Nordkorea hat südkoreanischen Unternehmen verboten, Ausrüstung aus dem Industriekomplex in Kaesong unangemeldet zu verlegen.
Das habe das Zentralkomitee für die Entwicklung der Sonderzone der südkoreanischen Verwaltungskommission in Kaesong am Sonntag mitgeteilt, gab das Vereinigungsministerium in Seoul bekannt.
Sollte ein Unternehmen Anlagen oder Materialien aus dem Norden schaffen wollen, müsse dies dem zuständigen nordkoreanischen Steueramt gemeldet werden.
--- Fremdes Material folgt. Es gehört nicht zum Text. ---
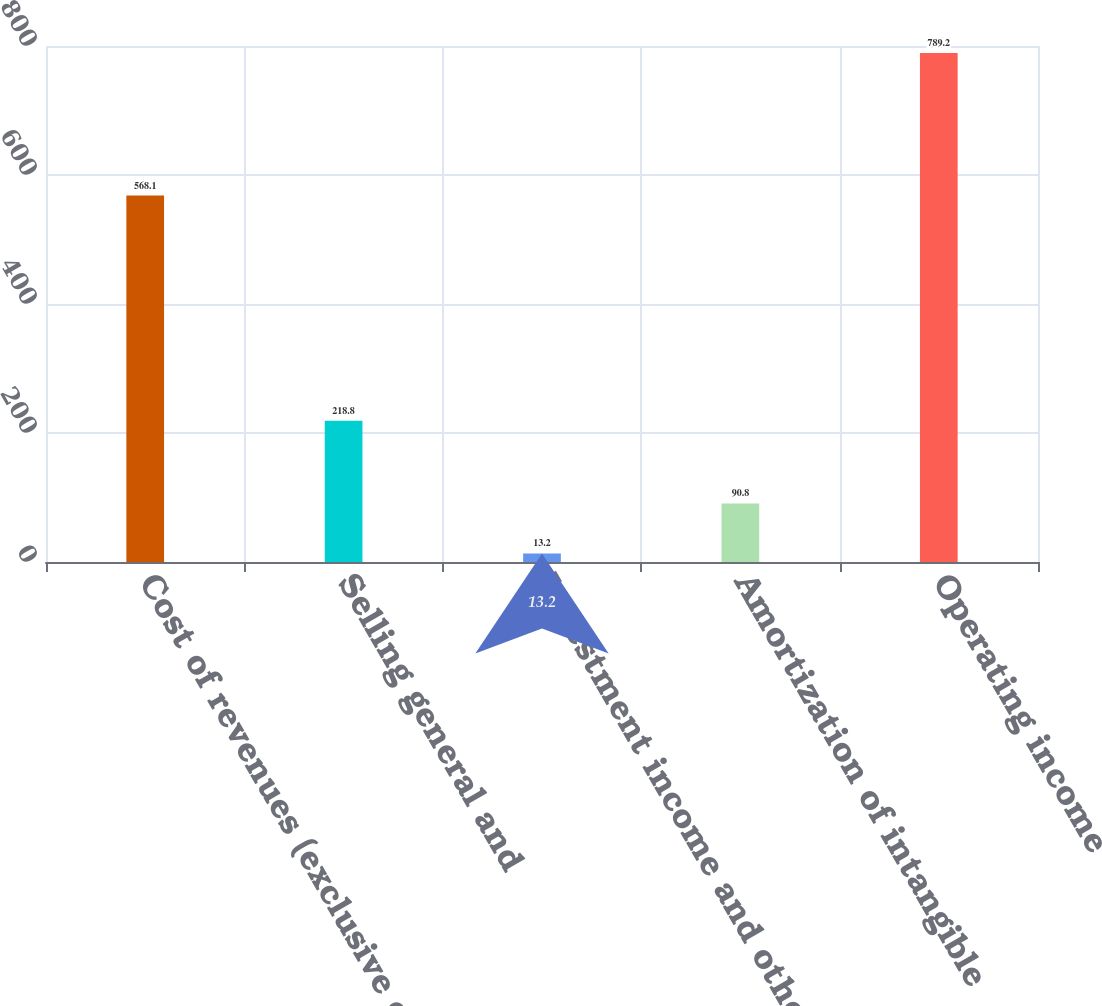Convert chart to OTSL. <chart><loc_0><loc_0><loc_500><loc_500><bar_chart><fcel>Cost of revenues (exclusive of<fcel>Selling general and<fcel>Investment income and others<fcel>Amortization of intangible<fcel>Operating income<nl><fcel>568.1<fcel>218.8<fcel>13.2<fcel>90.8<fcel>789.2<nl></chart>

Das gelte auch für Transporte zu Reparaturzwecken. Das Unternehmen müsse zuvor alle Löhne zahlen und Schulden gegenüber Nordkorea tilgen. Zudem werde es nicht erlaubt, dass wegen des Transportes von Ausrüstungen oder Rohmaterialien nordkoreanische Arbeiter beurlaubt werden, hieß es in der Mitteilung.
Das südkoreanische Vereinigungsministerium bezeichnete den nordkoreanischen Schritt als gewöhnlichen Vorgang. Die Mitteilung sei nichts anderes als eine Bestätigung der Betriebsrichtlinien für den Industriepark.